What needs to be done:
Provide again, from the entries below, every line from the one containing "list Find out the command to" through the one containing "list Compare now", exactly as written, and no other line.

Raw data:
****************************************
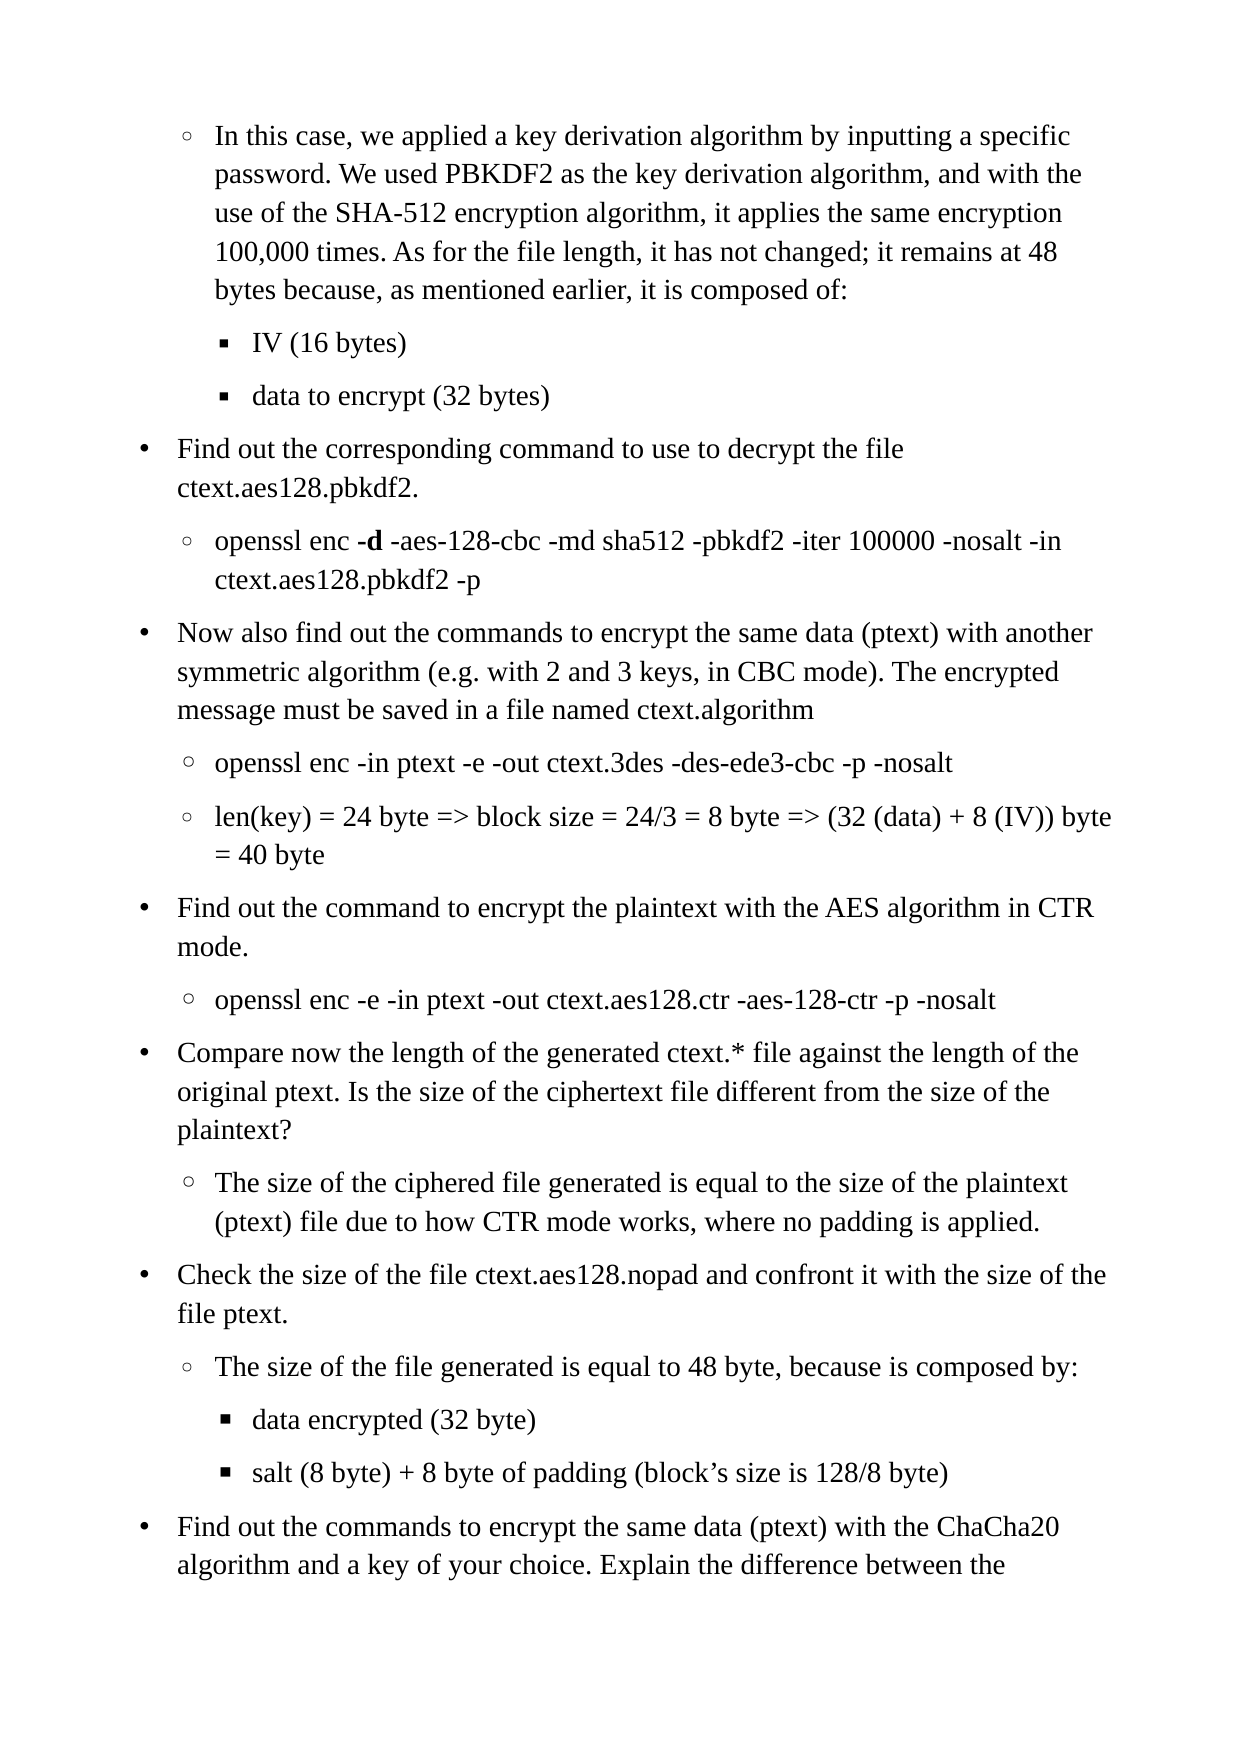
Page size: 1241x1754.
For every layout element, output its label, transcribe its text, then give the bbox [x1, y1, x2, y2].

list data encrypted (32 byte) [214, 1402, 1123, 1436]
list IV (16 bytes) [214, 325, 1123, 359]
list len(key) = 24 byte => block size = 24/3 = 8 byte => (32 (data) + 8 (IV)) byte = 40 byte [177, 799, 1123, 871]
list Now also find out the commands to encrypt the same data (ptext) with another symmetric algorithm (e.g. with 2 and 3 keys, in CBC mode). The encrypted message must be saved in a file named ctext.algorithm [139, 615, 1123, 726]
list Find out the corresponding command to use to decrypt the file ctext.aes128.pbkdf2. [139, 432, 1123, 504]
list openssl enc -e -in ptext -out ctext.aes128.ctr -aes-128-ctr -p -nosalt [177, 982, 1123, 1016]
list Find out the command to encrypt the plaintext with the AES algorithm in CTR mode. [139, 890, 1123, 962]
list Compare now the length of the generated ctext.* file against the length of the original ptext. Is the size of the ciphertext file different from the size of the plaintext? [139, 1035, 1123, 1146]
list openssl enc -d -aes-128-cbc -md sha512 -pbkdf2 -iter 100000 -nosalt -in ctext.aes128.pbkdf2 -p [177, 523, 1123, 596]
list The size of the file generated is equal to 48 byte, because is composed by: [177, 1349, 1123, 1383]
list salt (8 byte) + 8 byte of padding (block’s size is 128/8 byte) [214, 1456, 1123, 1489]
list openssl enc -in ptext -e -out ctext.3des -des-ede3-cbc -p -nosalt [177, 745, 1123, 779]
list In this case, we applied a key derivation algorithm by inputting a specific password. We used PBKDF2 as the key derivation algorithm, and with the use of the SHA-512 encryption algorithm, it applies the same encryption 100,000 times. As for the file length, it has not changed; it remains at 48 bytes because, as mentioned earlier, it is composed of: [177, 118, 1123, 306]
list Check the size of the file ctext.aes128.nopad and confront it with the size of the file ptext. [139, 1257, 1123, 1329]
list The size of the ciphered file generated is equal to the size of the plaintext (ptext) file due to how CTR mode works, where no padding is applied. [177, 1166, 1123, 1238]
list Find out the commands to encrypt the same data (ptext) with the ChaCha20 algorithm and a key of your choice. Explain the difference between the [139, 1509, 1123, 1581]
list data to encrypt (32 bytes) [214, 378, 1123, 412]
****************************************
Expected answer:
list Find out the command to encrypt the plaintext with the AES algorithm in CTR mode. [139, 890, 1123, 962]
list Compare now the length of the generated ctext.* file against the length of the original ptext. Is the size of the ciphertext file different from the size of the plaintext? [139, 1035, 1123, 1146]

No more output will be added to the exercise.